Mémoire et langue : enseigner l’histoire de l’incorporation de force des Alsaciens-Mosellans

Le président de la République a rappelé en novembre 2024, à Strasbourg,  la nécessité de reconnaître l’histoire de l’incorporation de force des Alsaciens-Mosellans, et surtout de la transmettre : 


« Ces enfants d'Alsace et de Moselle furent capturés, habillés d'un uniforme qu'ils détestaient, au service d'une cause qui les faisait esclaves, instruments d'un crime qui les tuaient aussi, menacés de représailles s'ils tentaient de fuir. » Leur « tragédie doit être nommée, reconnue et enseignée, car elle est celle de la Nation ».


C’est dans cet esprit que j’ai sensibilisé le ministre de l’Éducation nationale à la mémoire des incorporés de force alsaciens et mosellans. Il a accueilli favorablement la perspective d’une inscription dans les programmes des collèges en cours de réexamen. Ne jamais oublier, c’est aussi transmettre.

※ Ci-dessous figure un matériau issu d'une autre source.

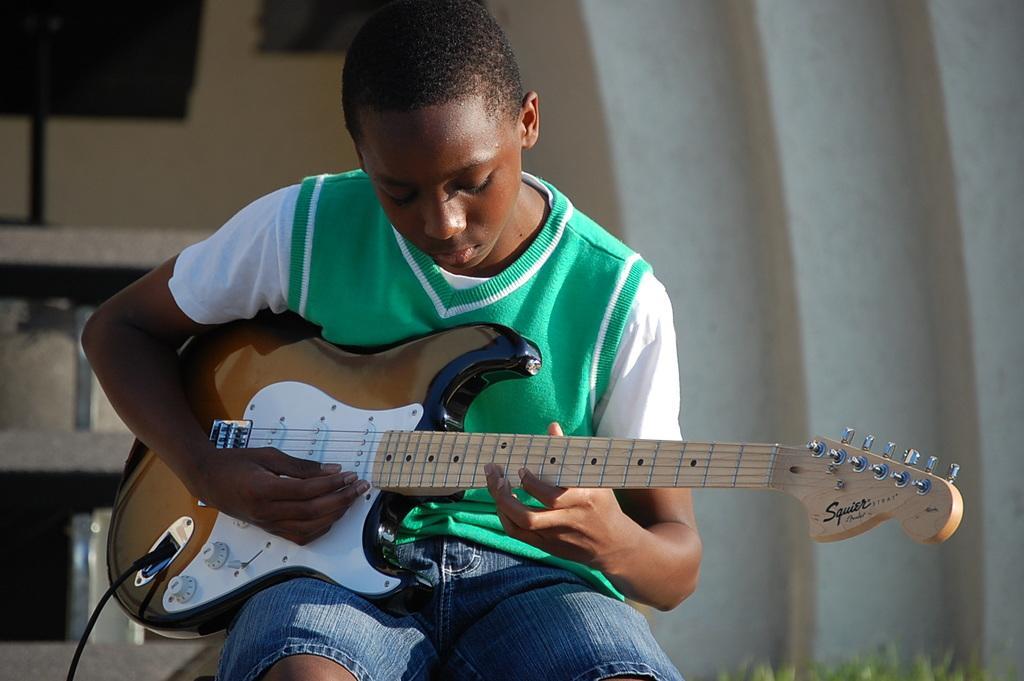Describe this image in one or two sentences. In this image i can see a boy sitting and holding a guitar. 
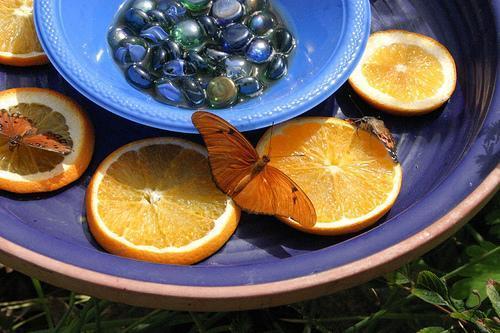How many butterflies are in this scene?
Give a very brief answer. 3. How many oranges are visible?
Give a very brief answer. 5.

Un autre sujet est également essentiel : l’apprentissage de l’allemand en France. En plein recul depuis plusieurs années, il constitue pourtant bien plus qu’une langue d’amitié : c’est aussi un véritable atout économique et professionnel.


Le ministre a partagé sa volonté de relancer pleinement cette dynamique, avec une campagne de communication en vue de la rentrée scolaire et un véritable travail de fond.